§ GIVEN DATA:
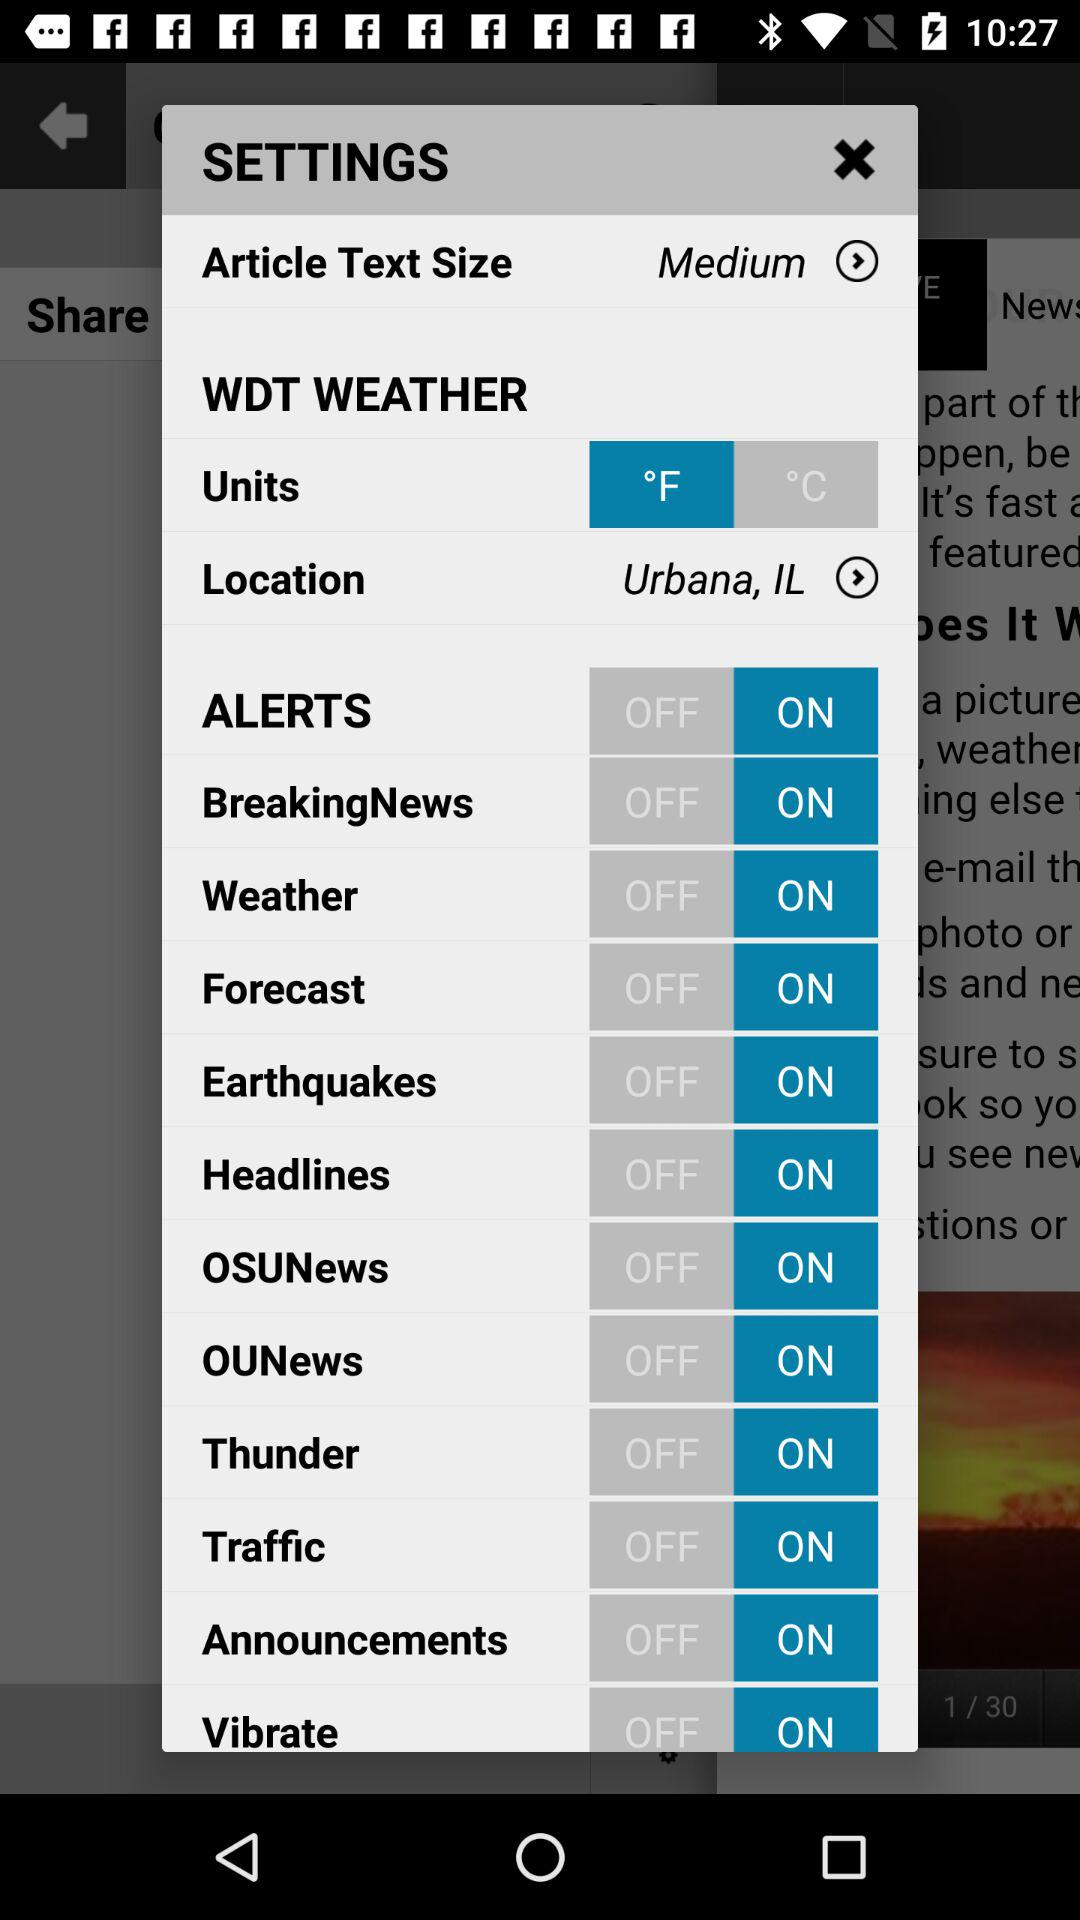What is the location? The location is Urbana, IL. 
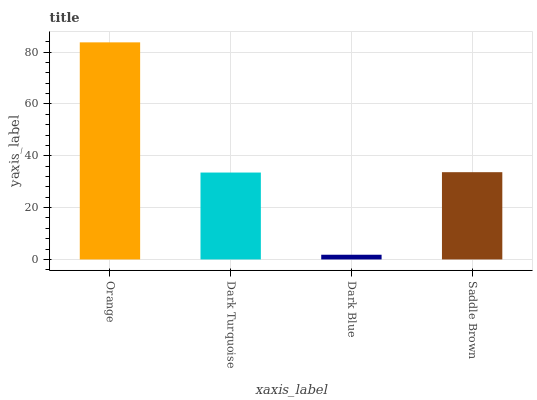Is Dark Blue the minimum?
Answer yes or no. Yes. Is Orange the maximum?
Answer yes or no. Yes. Is Dark Turquoise the minimum?
Answer yes or no. No. Is Dark Turquoise the maximum?
Answer yes or no. No. Is Orange greater than Dark Turquoise?
Answer yes or no. Yes. Is Dark Turquoise less than Orange?
Answer yes or no. Yes. Is Dark Turquoise greater than Orange?
Answer yes or no. No. Is Orange less than Dark Turquoise?
Answer yes or no. No. Is Saddle Brown the high median?
Answer yes or no. Yes. Is Dark Turquoise the low median?
Answer yes or no. Yes. Is Dark Turquoise the high median?
Answer yes or no. No. Is Orange the low median?
Answer yes or no. No. 
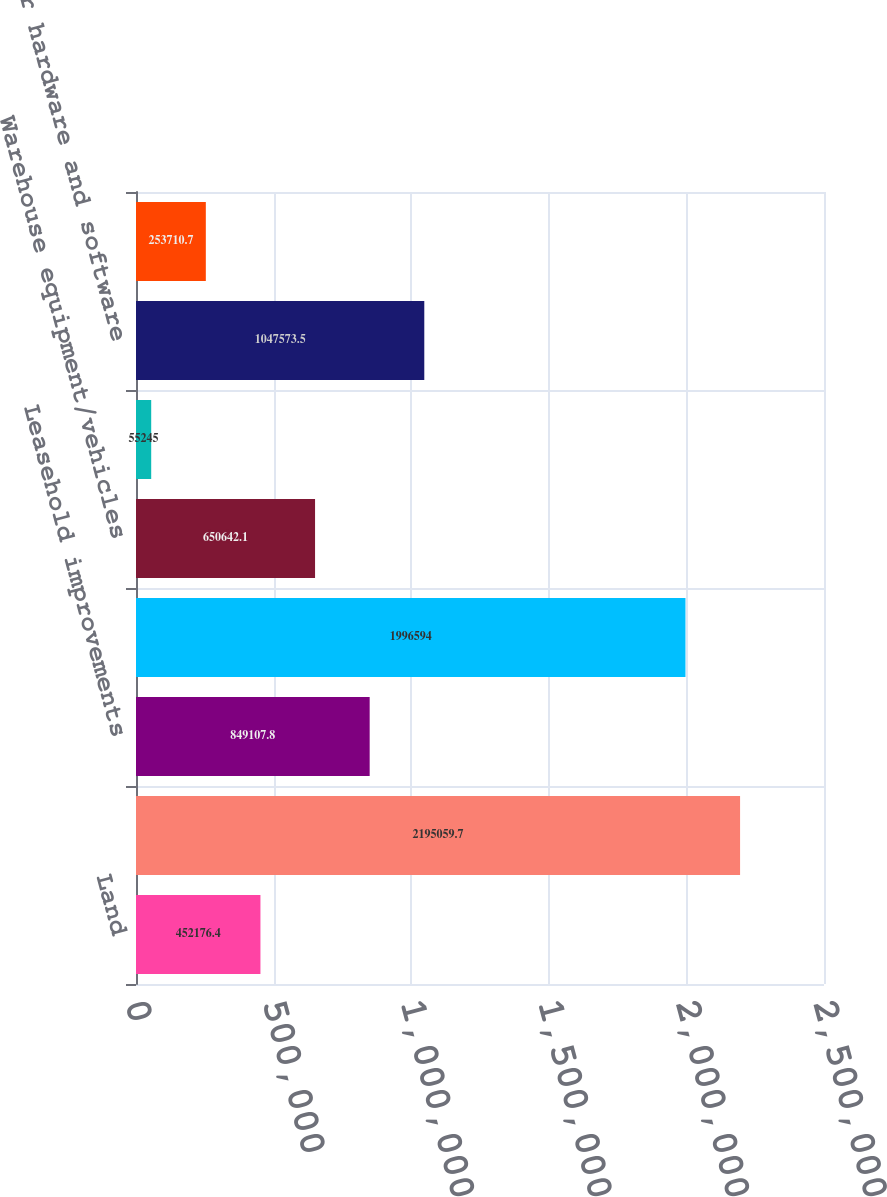Convert chart. <chart><loc_0><loc_0><loc_500><loc_500><bar_chart><fcel>Land<fcel>Buildings and building<fcel>Leasehold improvements<fcel>Racking<fcel>Warehouse equipment/vehicles<fcel>Furniture and fixtures<fcel>Computer hardware and software<fcel>Construction in progress<nl><fcel>452176<fcel>2.19506e+06<fcel>849108<fcel>1.99659e+06<fcel>650642<fcel>55245<fcel>1.04757e+06<fcel>253711<nl></chart> 
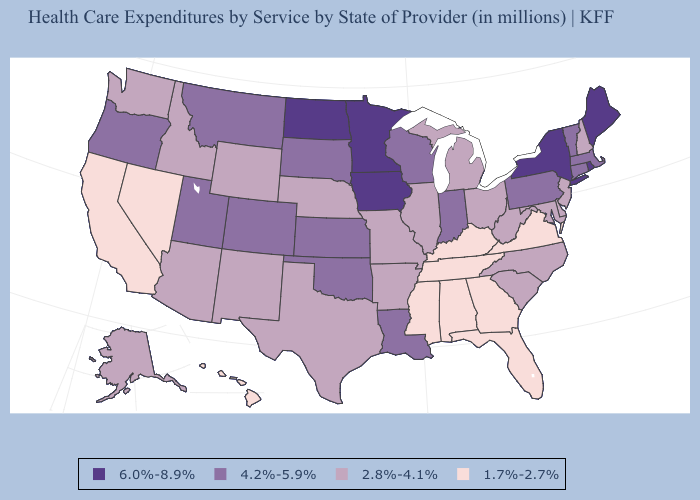Does New Jersey have the highest value in the USA?
Keep it brief. No. Among the states that border Texas , which have the highest value?
Give a very brief answer. Louisiana, Oklahoma. Does North Dakota have the highest value in the USA?
Write a very short answer. Yes. What is the lowest value in the USA?
Concise answer only. 1.7%-2.7%. What is the lowest value in the USA?
Short answer required. 1.7%-2.7%. Name the states that have a value in the range 4.2%-5.9%?
Short answer required. Colorado, Connecticut, Indiana, Kansas, Louisiana, Massachusetts, Montana, Oklahoma, Oregon, Pennsylvania, South Dakota, Utah, Vermont, Wisconsin. Which states hav the highest value in the South?
Keep it brief. Louisiana, Oklahoma. What is the value of Nebraska?
Concise answer only. 2.8%-4.1%. Name the states that have a value in the range 6.0%-8.9%?
Give a very brief answer. Iowa, Maine, Minnesota, New York, North Dakota, Rhode Island. What is the highest value in states that border Montana?
Keep it brief. 6.0%-8.9%. Among the states that border Arizona , which have the highest value?
Be succinct. Colorado, Utah. Name the states that have a value in the range 4.2%-5.9%?
Keep it brief. Colorado, Connecticut, Indiana, Kansas, Louisiana, Massachusetts, Montana, Oklahoma, Oregon, Pennsylvania, South Dakota, Utah, Vermont, Wisconsin. What is the lowest value in states that border Oregon?
Keep it brief. 1.7%-2.7%. Which states hav the highest value in the South?
Short answer required. Louisiana, Oklahoma. Name the states that have a value in the range 4.2%-5.9%?
Be succinct. Colorado, Connecticut, Indiana, Kansas, Louisiana, Massachusetts, Montana, Oklahoma, Oregon, Pennsylvania, South Dakota, Utah, Vermont, Wisconsin.

§ EXERCISE DETAILS: Where the word "Among" appears in a line of the entries, copy that line.

§ SOLUTION:
Keep it brief. No. Among the states that border Texas , which have the highest value?
Keep it brief. 6.0%-8.9%. Among the states that border Arizona , which have the highest value?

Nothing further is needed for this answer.